Die Sonne bricht durch das Laubdach
und der Wald leuchtet auf © Jenny Kwittung

Auf rund 59 Kilometern geht es durch den Auwald immer nah an der Donau entlang. Starten können Wanderer in Günzburg. Ganz einfach lässt sich der naturnahe Weg auch in fünf Etappen erkunden, sodass der Zustieg problemlos in Offingen, Gundelfingen, Dillingen, Höchstadt und Schwennigen geschehen kann. Das Auto kann zu Hause stehen bleiben, denn alle Orte sind mit der Bahn erreichbar. 
Die Laufrichtung ist frei wählbar. Der Weg ist als zertifizierter Premiumweg in beide Richtungen durchgehend beschildert. Durch sein flaches Höhenprofil erweist sich der DonAUwald-Wanderweg als angenehme Strecke – Wandereinsteiger kommen hier voll auf ihre Kosten. Aber auch für erfahrende Wegemeister ist diese Wanderung ein Genuss. 

Der Auwald: ein besonderes Biotop

Die Flora und Fauna hat mit speziellen Arten ein paradiesisches Fleckchen Erde entstehen lassen. Maßgebend dafür ist der Wechsel zwischen trockenen Magerrasen – sogenannte Brennen – und den ehemaligen Flussschlingen der Donau mit Schilfröhrichten – eine Mischung aus Planzen die im Flachwasser- und Uferrandbereich von Gewässern heimisch sind. 
Durch die regelmäßigen Überschwemmungen und den schattenspendenen Auwald ist das Gebiet nicht nur für Pflanzen, wie den Frauenschuh, Narzissengewächse und Märzenbecher eine Heimat, sondern auch für den Eisvogel und Biber. Außerdem ist das Auengebiet eine willkommen Raststation für Zugvögel. 

DonAUwald-Wanderweg im Überlick

Wegmakierung

Länge: 59 km, 5 Etappen (längste Strecke 13,8 km, Details s. Flyer)

Start: Günzburg

Ziel: Schwenningen

Höhenprofil: auf 88 m / ab 125 m

Tipp: Zwischen den Orten gibt es wenige Einkehrmöglichkeiten. Es lohnt sich ein schönes Picknick in der Natur einzuplanen. 

 

Mehr Infos zum Weg unter www.donautal-touren.de

„Eintauchen, Kraft schöpfen, Stille genießen“

Egal zu welcher Jahreszeit der Wanderweg begangen wird, der Auwald wird sich in seinen verschiedenen Stadien als sehr abwechslungsreich präsentieren. 
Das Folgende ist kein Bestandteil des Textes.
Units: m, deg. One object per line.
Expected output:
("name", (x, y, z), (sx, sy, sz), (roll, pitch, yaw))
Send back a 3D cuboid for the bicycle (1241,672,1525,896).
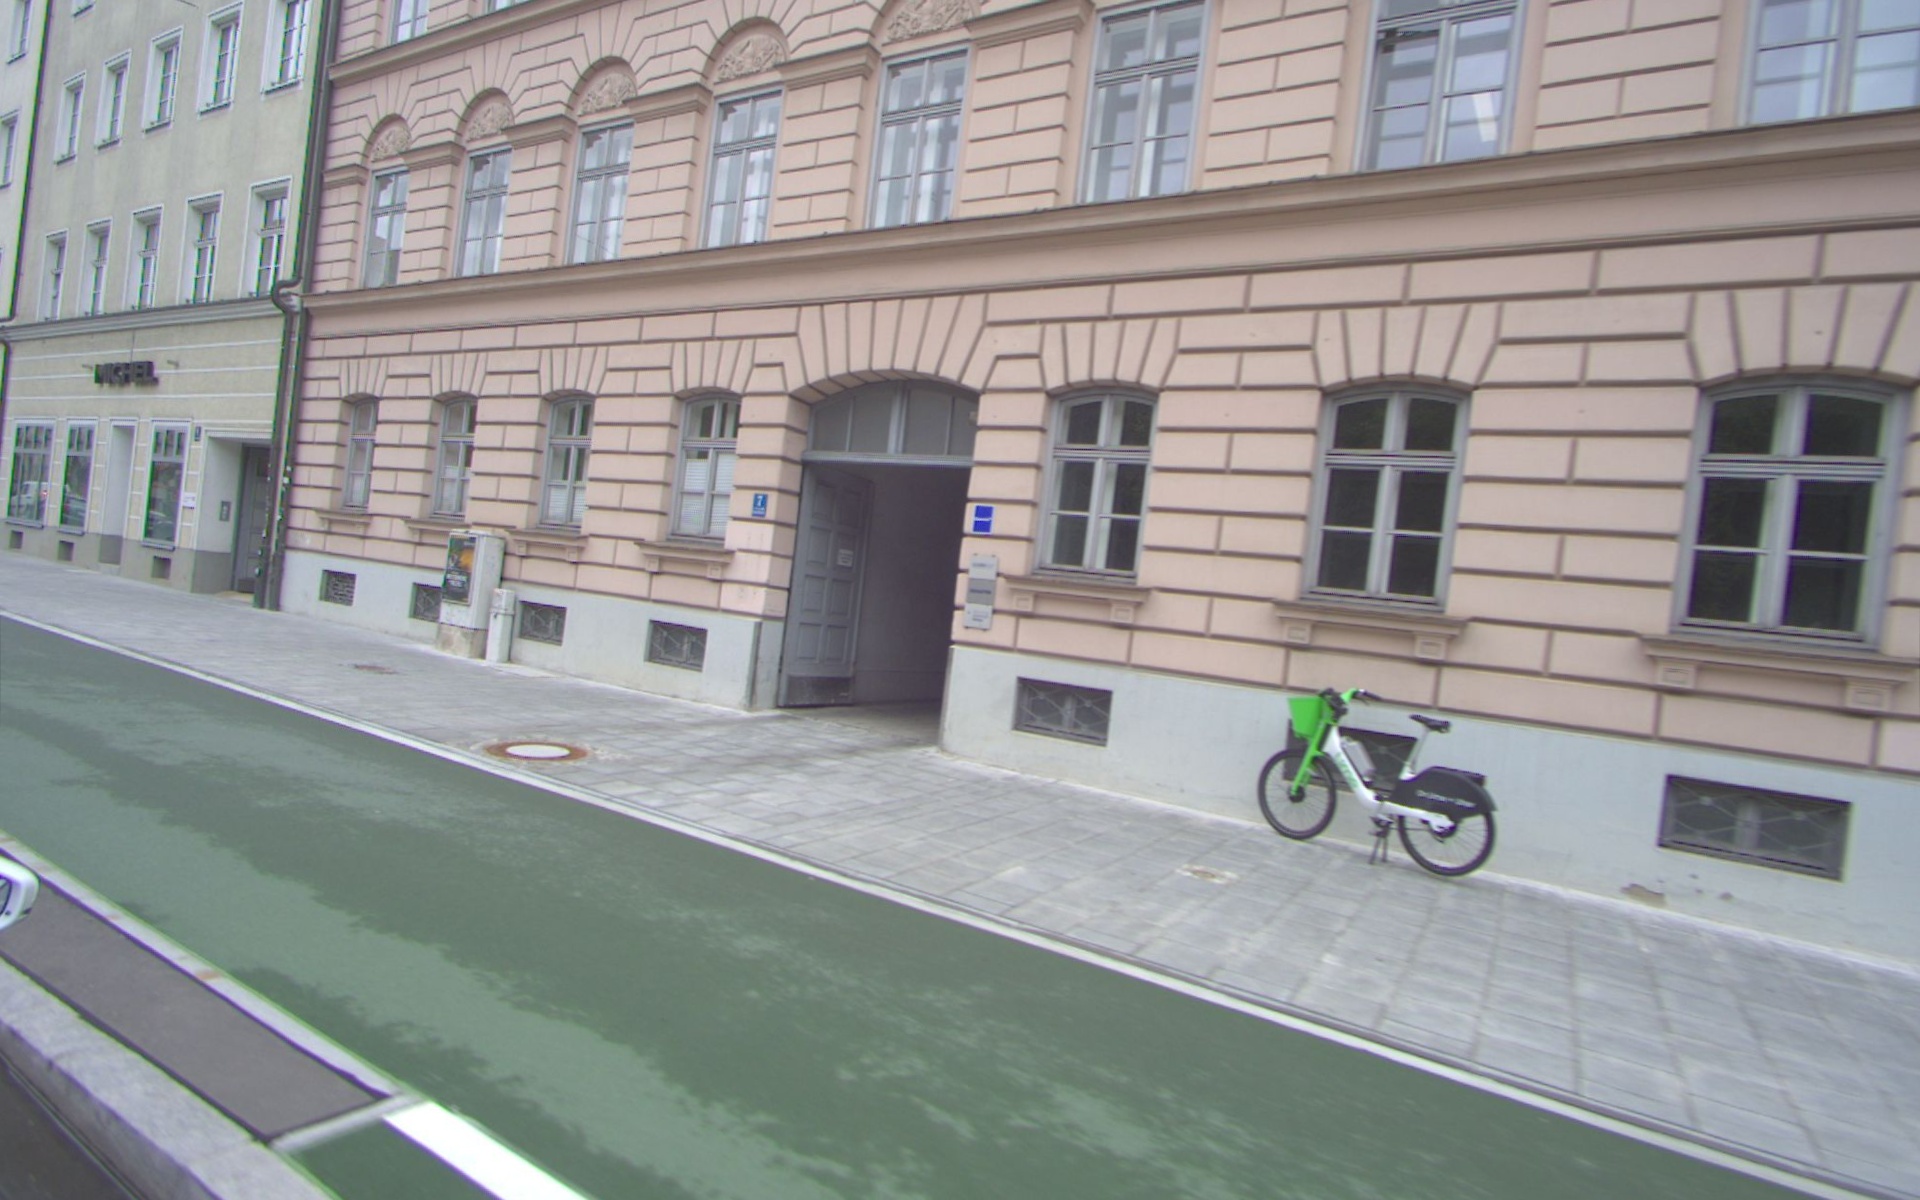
("bicycle", (2.899, 1.216, 7.068), (0.424, 1.189, 1.711), (5, 1, -41))
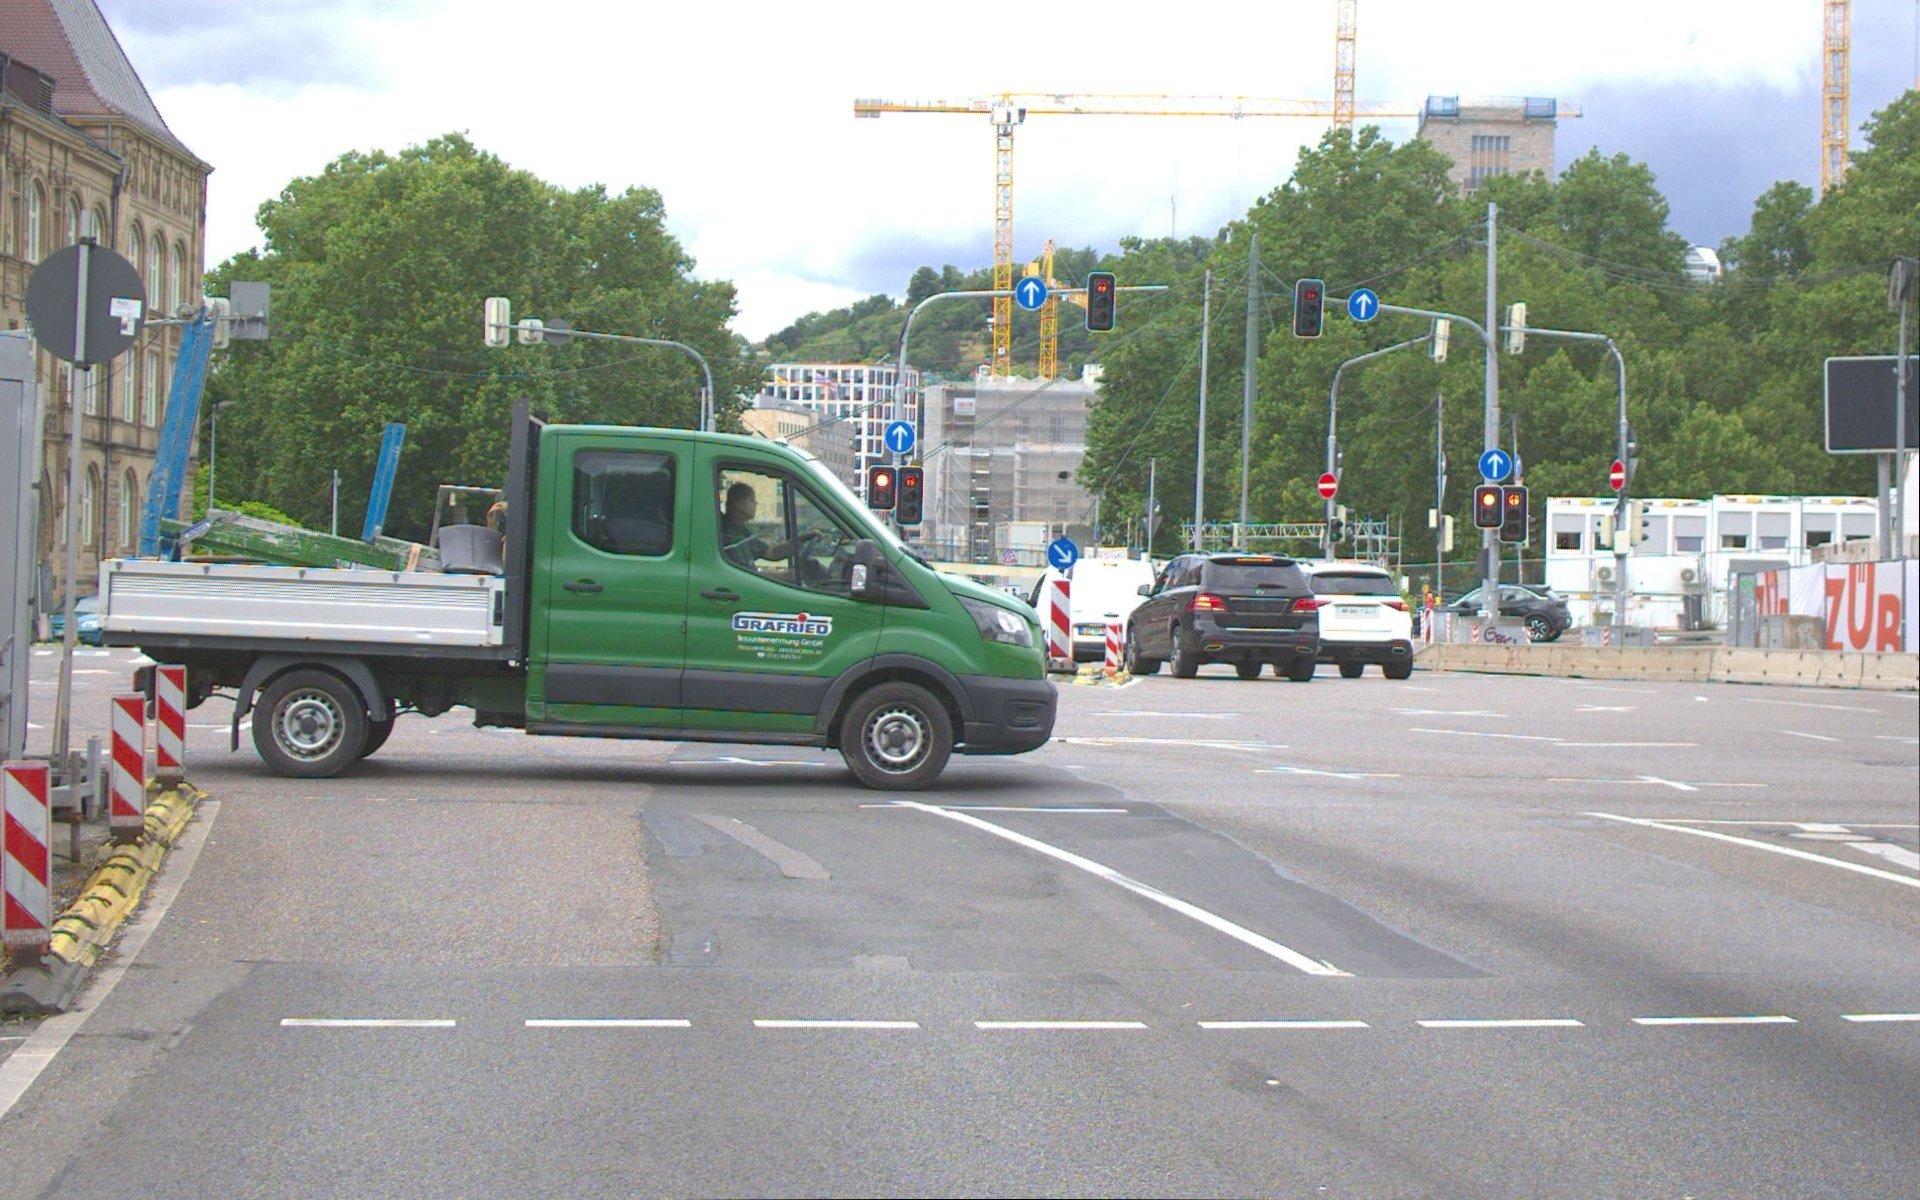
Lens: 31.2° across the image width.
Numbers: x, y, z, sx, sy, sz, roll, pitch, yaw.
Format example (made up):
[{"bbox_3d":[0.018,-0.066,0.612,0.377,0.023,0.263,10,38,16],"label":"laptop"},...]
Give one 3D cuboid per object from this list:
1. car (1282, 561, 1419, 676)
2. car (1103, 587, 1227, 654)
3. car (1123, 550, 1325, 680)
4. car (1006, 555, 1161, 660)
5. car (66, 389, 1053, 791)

Der Märzenbecher kündigt den Frühling an © Alwin Sing

Im Frühling wird die Wanderung durch den Wald von Blumen-Teppichen der Frühblüher, z. B. dem Märzenbecher, begleitet. Das erste Grün an den Bäumen lugt hervor und durch die wärmende Sonne breitet sich der Duft nach Bärlauch aus. Tief einatmen und genießen.

Im Sommer finden sich im Auwald schattige Orte, die zur Entspannung einladen. Wer innehält hört das Wasser ans Ufer schwappen und Vögel durch die grünen Baumkronen hüpfen. Die Hektik aus dem Alltag fällt ab. 
Hinweis: Auch das ein oder andere hohe Summen der Stechmücken begleitet jetzt die Wanderung. Wie bei allen wassernahen Wegen gilt es also sich dementsprechend zu schützen. 

Eindruck auf Etappe 3, nahe Brenzmündung © Claudia Stalze

Im Herbst wechselt der Wald sein Farbenkleid. Laub segelt von oben herab und die Wanderschuhe treten über einen farbigen Teppich aus Blättern. Es riecht nach nassem Wald und die Luft ist angenehm kalt und frisch. Es zieht der mystische Donaunebel auf. 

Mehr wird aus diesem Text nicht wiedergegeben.